About this exercise
With pictures left out, retype exactly the lines from the one containing "Format example (made" through the final line of the entries.

[Data items]
⟨

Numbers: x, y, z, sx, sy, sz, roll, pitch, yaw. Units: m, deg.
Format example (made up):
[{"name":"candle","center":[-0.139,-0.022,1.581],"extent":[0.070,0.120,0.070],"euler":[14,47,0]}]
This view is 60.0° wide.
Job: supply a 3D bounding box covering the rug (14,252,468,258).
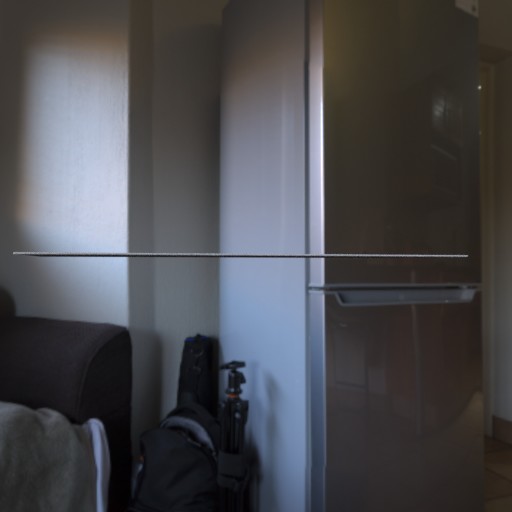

⟩

Written reply
Format example (made up):
[{"name":"candle","center":[-0.139,-0.022,1.581],"extent":[0.070,0.120,0.070],"euler":[14,47,0]}]
This view is 60.0° wide.
Job: supply a 3D bounding box covering the rug (14,252,468,258).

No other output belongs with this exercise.